Could you give a brief explanation on how the spider is being dynamically instantiated and passed to the crawly engine? I understand that the extraction rules and init is stored in ecto, but what about the spider-level settings? and how does the engine keep track of it, considering that the spider discovery is based on module behaviour implementation?

@oltarasenko
Copy link
Collaborator Author

Hey @Ziinc the feature is quite experimental atm, and some parts would have to be improved (as they look ugly). However I wanted to build this feature, and it feels like it's almost working. Once done, I will be able to re-write it, to make it look normal from the coding point of view. (Of course, if there will be interest in this feature after all. Actually, I've noticed that in general, the interest in scraping and crawling is quite limited in the Elixir community, so it may be the case that these efforts were not needed :().

Regarding the implementation:

  1. Currently we have one spider template, which is defined as a string for now (🤮 ). And the idea is that a spider module is generated on the fly from the string + data from the database (https://github.com/oltarasenko/crawly_ui/blob/master/lib/crawly_ui.ex#L30). I want to make a working version here, and then I will try to find a better way..
  2. Once the create_spider function is called, the module is generated from the string and dynamically loaded into a worker node, so the worker can pick it up
  3. Finally once code is loaded the UI schedules it, similarly as it does it for other spiders.

Other questions:

  1. For now spider level settings are also in the same module as the extraction rules. However, in the future, I plan to allow crawly_ui to schedule a spider with given settings (so settings will not be a part of a given spider anymore)
  2. The engine, for now, does not keep track of it, as the module is not a part of the filesystem of the worker node. So if the worker goes down, UI will have to reload it. Which I think makes sense. In general, I wanted UI to be able to cross schedule everything on all worker nodes added to it. So it can keep a registry of all spiders known by every node. Otherwise, we can also register a loaded spider in the Engine if it's API is extended.

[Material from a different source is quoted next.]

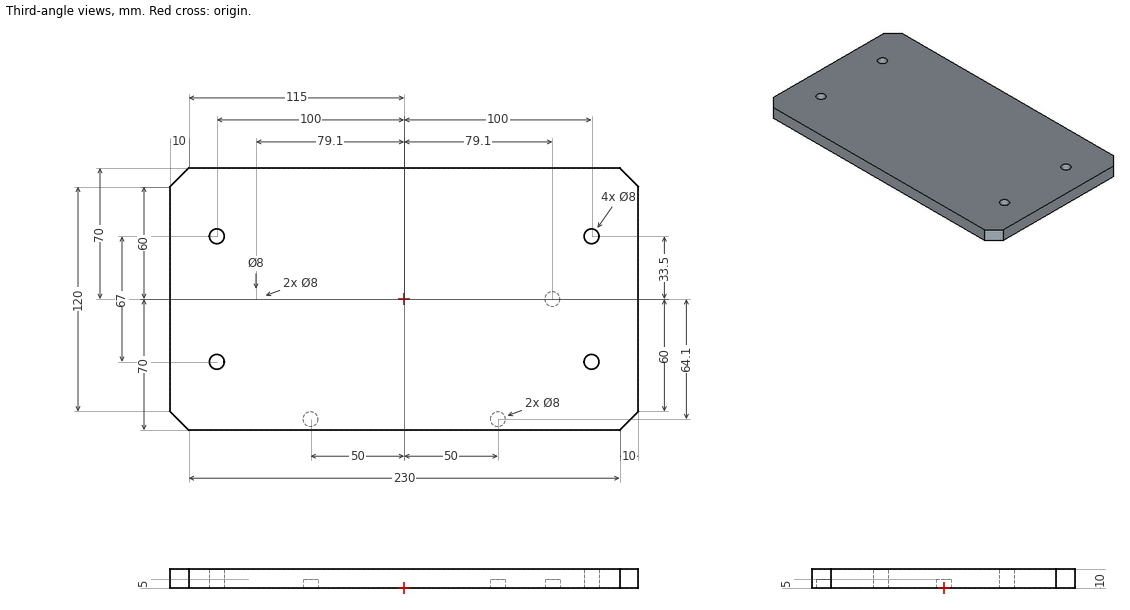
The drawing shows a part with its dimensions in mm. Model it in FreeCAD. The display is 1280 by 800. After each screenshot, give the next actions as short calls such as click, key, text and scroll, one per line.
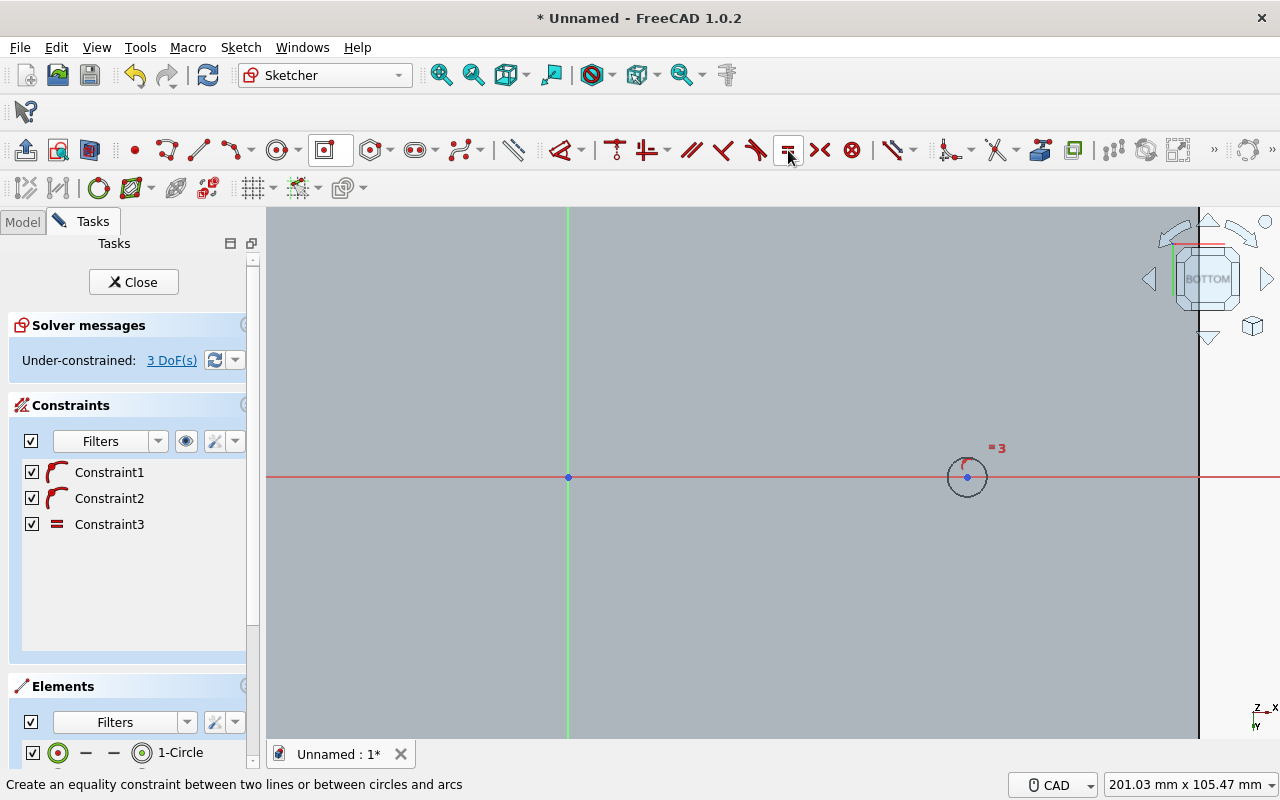
click(560, 150)

I think that the most interesting part was done on the create spider UI, as it allows you to preview how your item extractors work in the realtime.

@Ziinc
Copy link
Collaborator

Ziinc commented Nov 28, 2020

I think there are two major aspects to this whole issue:

  1. spider management (start/stop), scheduling,and monitoring (ties in with Improvements for spider management #37 and Splitting spider logs #101)
  2. runtime spider creation (create/update/delete)

For me, the key problems I have right now with spider management, is that when webmasters change their design, the spider's extraction phase becomes broken and there isn't a simple way to quickly fix it at runtime.

For aspect 1, i think that the monitoring capabilities are a little lacking in crawly's current state. Scheduling is largely out-of-scope, and management is satisfactory so far. I think having a way to stream logs to a client would be a great core feature to have to resolve #101 , or alternatively realtime aggregated log data. Perhaps we can leverage Telemetry to achieve that in both the core and the crawly_ui repo, so then people using crawly can plug their custom ui's into the crawly telemetry backend easily and browse historical logs, or filter to view dropped items, etc.

This should allow for easy debugging of broken spiders during runtime and allow altering of the extraction rules on-the-fly.

For aspect 2, as a first iteration, i think the attempt at the extraction rules is quite good. I think allowing the users to inject spider code as a string at runtime isn't a very secure route to go. I was thinking that we could perhaps have a protocol focused on response extraction. Crawly can provide a few optional extraction pipelines to extract out ParseItems and new Requests, and this can be declared in the settings.

Because of the recent initialization options PR for #136, providing dynamic extraction configurations (through the pipelines concept) would not be an issue, since said initialization options can then be used in the override_settings callback.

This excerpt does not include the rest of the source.